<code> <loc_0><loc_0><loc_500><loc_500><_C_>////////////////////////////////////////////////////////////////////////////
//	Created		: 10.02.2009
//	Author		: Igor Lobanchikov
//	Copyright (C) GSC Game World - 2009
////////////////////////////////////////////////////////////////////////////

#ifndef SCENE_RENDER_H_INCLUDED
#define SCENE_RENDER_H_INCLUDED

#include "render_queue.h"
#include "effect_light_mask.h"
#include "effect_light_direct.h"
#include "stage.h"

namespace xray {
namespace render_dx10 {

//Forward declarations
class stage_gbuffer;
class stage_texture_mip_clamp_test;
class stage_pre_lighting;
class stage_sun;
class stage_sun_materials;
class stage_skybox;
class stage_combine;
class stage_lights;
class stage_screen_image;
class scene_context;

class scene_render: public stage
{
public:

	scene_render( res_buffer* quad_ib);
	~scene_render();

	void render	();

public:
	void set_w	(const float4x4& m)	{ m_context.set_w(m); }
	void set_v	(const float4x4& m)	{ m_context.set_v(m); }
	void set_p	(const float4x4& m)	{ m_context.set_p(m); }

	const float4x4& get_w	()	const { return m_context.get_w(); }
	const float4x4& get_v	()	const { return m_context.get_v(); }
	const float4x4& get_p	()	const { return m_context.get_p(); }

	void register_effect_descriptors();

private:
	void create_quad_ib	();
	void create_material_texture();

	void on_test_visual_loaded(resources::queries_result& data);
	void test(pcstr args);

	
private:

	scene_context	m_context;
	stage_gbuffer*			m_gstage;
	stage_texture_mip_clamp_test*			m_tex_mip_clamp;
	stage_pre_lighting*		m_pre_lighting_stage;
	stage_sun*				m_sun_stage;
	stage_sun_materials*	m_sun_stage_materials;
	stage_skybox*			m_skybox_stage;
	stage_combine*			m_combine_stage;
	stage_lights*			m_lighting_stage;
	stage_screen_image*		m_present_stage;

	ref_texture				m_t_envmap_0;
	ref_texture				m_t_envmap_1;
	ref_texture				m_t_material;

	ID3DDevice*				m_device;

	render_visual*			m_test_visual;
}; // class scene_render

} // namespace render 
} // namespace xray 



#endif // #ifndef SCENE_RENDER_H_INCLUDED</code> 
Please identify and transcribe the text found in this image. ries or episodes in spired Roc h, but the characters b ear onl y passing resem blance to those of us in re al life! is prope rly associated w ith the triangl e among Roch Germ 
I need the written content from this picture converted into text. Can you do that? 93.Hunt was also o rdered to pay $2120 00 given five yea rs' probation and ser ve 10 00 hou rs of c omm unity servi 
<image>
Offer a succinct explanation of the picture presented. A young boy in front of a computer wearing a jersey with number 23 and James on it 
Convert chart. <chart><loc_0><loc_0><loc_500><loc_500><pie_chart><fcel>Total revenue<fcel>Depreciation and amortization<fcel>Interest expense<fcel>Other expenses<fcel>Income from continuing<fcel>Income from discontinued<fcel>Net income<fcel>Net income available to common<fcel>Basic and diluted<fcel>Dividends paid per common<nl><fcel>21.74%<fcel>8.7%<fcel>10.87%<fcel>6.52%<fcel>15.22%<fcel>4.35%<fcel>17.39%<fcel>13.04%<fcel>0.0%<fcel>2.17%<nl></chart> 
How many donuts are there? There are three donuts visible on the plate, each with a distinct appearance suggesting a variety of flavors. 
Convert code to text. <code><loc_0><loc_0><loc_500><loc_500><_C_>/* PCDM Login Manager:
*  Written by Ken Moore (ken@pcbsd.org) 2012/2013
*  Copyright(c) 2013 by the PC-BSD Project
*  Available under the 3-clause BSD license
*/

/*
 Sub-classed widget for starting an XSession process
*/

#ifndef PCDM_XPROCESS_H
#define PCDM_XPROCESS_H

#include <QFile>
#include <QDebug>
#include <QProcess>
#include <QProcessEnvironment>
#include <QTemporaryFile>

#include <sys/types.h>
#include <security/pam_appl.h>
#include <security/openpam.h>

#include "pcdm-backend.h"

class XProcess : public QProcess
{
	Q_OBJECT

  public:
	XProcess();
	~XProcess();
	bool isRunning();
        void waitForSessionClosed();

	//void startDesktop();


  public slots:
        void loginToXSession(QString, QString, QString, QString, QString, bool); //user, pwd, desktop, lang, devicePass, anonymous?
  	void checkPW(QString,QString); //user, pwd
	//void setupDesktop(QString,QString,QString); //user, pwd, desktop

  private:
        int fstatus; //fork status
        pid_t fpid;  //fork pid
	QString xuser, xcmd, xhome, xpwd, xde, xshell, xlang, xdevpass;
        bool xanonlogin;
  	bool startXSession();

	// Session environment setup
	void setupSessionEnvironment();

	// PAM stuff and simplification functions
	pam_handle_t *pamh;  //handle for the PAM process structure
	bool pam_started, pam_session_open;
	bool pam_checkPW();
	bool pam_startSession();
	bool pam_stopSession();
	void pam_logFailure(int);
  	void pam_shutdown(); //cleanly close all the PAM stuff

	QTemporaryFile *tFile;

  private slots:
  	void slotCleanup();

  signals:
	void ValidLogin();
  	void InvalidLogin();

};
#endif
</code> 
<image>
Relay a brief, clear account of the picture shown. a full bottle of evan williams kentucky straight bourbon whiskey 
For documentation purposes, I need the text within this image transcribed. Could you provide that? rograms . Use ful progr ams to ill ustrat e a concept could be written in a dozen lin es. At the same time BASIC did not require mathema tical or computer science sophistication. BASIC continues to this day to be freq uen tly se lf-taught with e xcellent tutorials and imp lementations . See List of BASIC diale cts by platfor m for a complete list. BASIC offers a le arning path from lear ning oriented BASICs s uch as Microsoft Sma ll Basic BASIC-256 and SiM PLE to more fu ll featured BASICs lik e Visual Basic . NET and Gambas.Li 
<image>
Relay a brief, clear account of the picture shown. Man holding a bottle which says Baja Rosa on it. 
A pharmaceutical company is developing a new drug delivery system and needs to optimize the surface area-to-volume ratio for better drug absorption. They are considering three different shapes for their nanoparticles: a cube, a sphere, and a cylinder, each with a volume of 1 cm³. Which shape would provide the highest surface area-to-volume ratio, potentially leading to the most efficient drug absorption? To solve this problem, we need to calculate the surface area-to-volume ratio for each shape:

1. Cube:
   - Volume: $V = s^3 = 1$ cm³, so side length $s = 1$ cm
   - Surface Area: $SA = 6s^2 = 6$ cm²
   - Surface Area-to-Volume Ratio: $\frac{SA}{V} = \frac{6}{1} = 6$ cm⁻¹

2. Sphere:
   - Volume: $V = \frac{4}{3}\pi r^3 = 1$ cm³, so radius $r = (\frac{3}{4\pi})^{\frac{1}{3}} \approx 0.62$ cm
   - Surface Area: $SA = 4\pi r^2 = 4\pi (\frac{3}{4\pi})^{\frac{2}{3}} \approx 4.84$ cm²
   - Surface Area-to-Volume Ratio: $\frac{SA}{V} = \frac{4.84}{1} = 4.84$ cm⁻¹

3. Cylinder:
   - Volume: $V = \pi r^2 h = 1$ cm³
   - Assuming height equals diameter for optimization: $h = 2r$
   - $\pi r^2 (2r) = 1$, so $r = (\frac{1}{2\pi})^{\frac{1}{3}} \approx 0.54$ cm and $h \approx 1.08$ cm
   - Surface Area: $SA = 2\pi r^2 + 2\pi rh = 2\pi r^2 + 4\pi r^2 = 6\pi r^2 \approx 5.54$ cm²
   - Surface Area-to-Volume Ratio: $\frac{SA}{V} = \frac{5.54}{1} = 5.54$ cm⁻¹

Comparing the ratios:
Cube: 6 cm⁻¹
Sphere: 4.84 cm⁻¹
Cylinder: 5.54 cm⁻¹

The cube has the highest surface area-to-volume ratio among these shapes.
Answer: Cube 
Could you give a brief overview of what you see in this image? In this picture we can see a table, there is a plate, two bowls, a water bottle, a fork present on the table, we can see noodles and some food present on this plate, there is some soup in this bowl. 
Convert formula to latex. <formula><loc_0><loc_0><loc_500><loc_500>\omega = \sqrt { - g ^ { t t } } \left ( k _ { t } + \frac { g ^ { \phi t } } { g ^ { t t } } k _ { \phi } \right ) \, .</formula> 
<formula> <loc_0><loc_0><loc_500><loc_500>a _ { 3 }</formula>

++++++++++++++++++++

WHAT YOU ARE ASKED TO DO ▸ Provide a count of the lines in the data above that include the word "code", stating the number alone.

TASK RESULT ▸ 4